A torto o a ragione

Diretto da uno dei più importanti registi ungheresi, Istvan Szabo (premio Oscar nel 1980 per Mephisto), questo film racconta un fatto realmente accaduto: il processo per collaborazionismo con il partito nazista del più importante direttore d'orchestra dell'epoca, Wilhelm Furtw√§ngler. [...]

A torto o a ragione

da Quaderni Cannibali

del 19 ottobre 2002

 Personalità complessa e contraddittoria quest'uomo, legato fortemente alla sua terra, si trova a ricoprire le cariche più alte della sua professione anche a causa dell'ammirazione che Hitler nutre  per il suo lavoro. A guerra terminata, subisce il processo da cui esce assolto giuridicamente, ma non moralmente, tanto che, malgrado professionalmente continui ad essere apprezzato in Europa, non potrà mai lavorare in America per l'ostilità dell'opinione pubblica.

 Il film propone un dilemma morale non da poco: quanto cultura ed arte possono essere libere dalla politica. Convinto dell'indipendenza della musica da qualsiasi forma di collegamento con il potere, a Furtwängler viene invece imputato di essere stato il più alto portavoce dell'ideologia nazista.

Il partecipare a concerti prima delle adunate propagandistiche, l' accettare i mille segni di stima da parte delle più alte gerarchie naziste, il restare muto dinnanzi all'orrore che si stava perpetrando, sono considerati dagli americani come un adesione a quell'ideologia. Furtwängler, addolorato e oltraggiato da queste indagini, spiega, invece, come, scosso da quanto stava accadendo, ma impotente davanti a fatti più grandi, non fosse consapevole di come il suo ruolo potesse essere interpretato e che i mille segni di stima siano stati da lui considerati come un tributo ad un artista  osannato dal suo popolo. Furtwängler è visto come una delle menti più geniali della cultura tedesca, ma poi, con l'andare delle indagini, si mostra anche il suo essere gretto, meschino e materialista. E', insomma, una figura complessa e contraddittoria, così che quando siamo certi di un suo comportamento preciso rispetto ad un problema preciso, tutto viene capovolto per mostrandoci un ottica diversa.

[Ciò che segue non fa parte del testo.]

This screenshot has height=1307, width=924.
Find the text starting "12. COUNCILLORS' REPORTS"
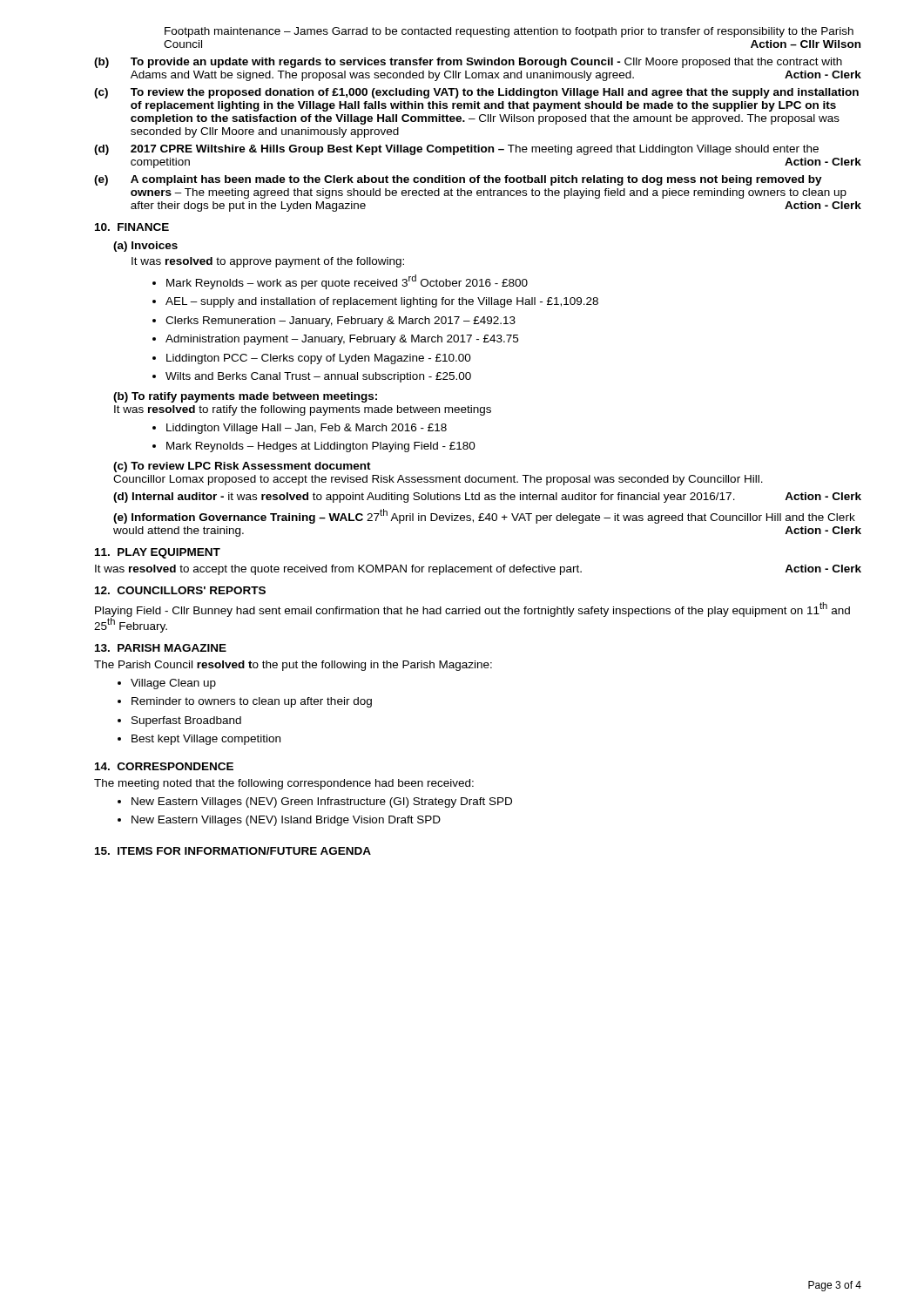click(180, 590)

 In realtà, il film si concentra sulla prima fase del processo, ovvero le indagini preliminari condotte dal maggiore americano Steve Arnold e dai suoi aiutanti David Willis e Emmi Strabe. David ed Emmi sono entrambi tedeschi e colpiti in prima persona dall'orrore della guerra (David è ebreo, Emmi è figlia di un ufficiale che ha fatto parte del complotto per uccidere Hitler e che, invece, è stato giustiziato). Malgrado questo sono più umani, compassionevoli e disposti a capire di quanto lo sia, invece, Arnold, che non avendo mai sentito parlare prima di Furtwängler avrebbe dovuto essere più obbiettivo. La convinzione di essere nel giusto di Arnold nel considerare subito e senza attenuanti Furtwängler colpevole (questa convinzione non viene mene neppure quando Emmi lo accusa di avere lo stesso comportamento dei nazisti) è, in realtà, la dimostrazione dello scontro tra due mondi e due culture: la vecchia Europa, carica di dubbi e incertezze e la giovane America, piena di verità e della capacità di saper scegliere senza remore.

 Superbi i due attori principali: Kaitel è un duro e inflessibile Steve Arnold, Stellan Skarsgard un sofferto e annientato Furtwängler.

 Il grande merito del film è di non sceglie da che parte stare: non dà verità, ma lascia decidere allo spettatore, se questo è in grado di farlo, per chi schierarsi. Questo non è facile perché tutto può essere interpretato in modo diverso a seconda del punto di vista. E' un film che non dà certezze, ma solo dubbi e lascia con una domanda angosciante lo spettatore: che cosa avrei fatto io al suo posto?